*** SUPPLIED MATERIAL ***

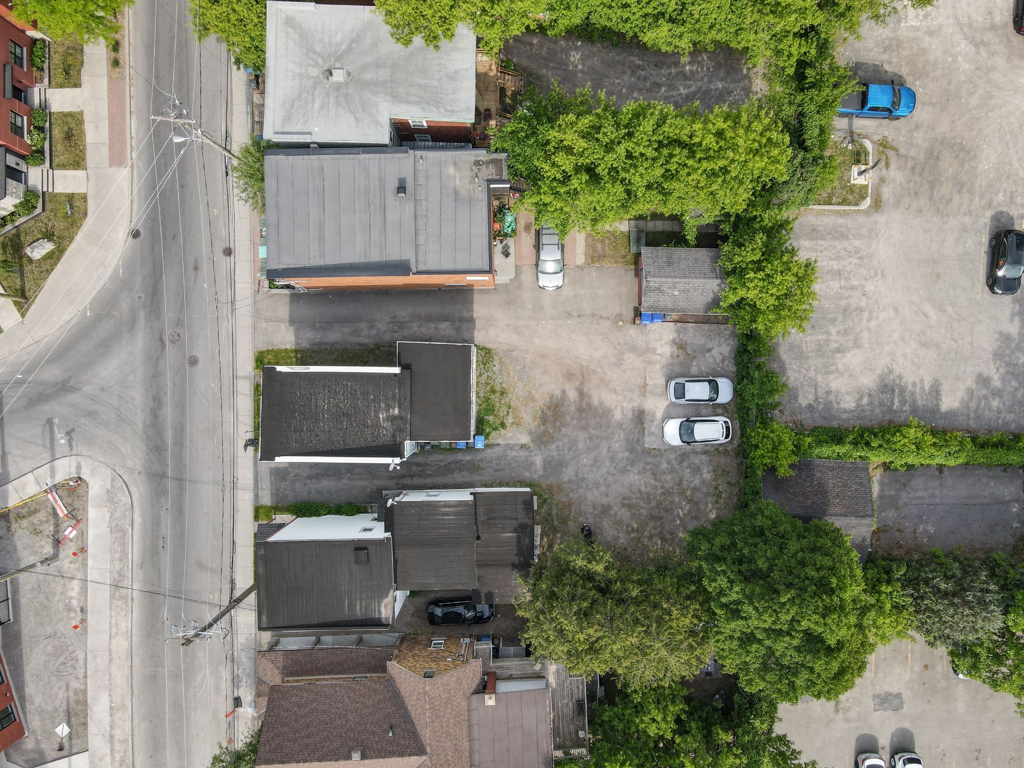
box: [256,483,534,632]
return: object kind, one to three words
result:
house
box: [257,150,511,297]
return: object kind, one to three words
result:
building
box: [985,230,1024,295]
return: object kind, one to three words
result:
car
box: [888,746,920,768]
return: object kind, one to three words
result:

***

Pictures are to be left out; everything else in the entries is reproduced verbatim.

• TASK RESULT:
box: [256,483,534,632]
return: object kind, one to three words
result:
house
box: [257,150,511,297]
return: object kind, one to three words
result:
building
box: [985,230,1024,295]
return: object kind, one to three words
result:
car
box: [888,746,920,768]
return: object kind, one to three words
result:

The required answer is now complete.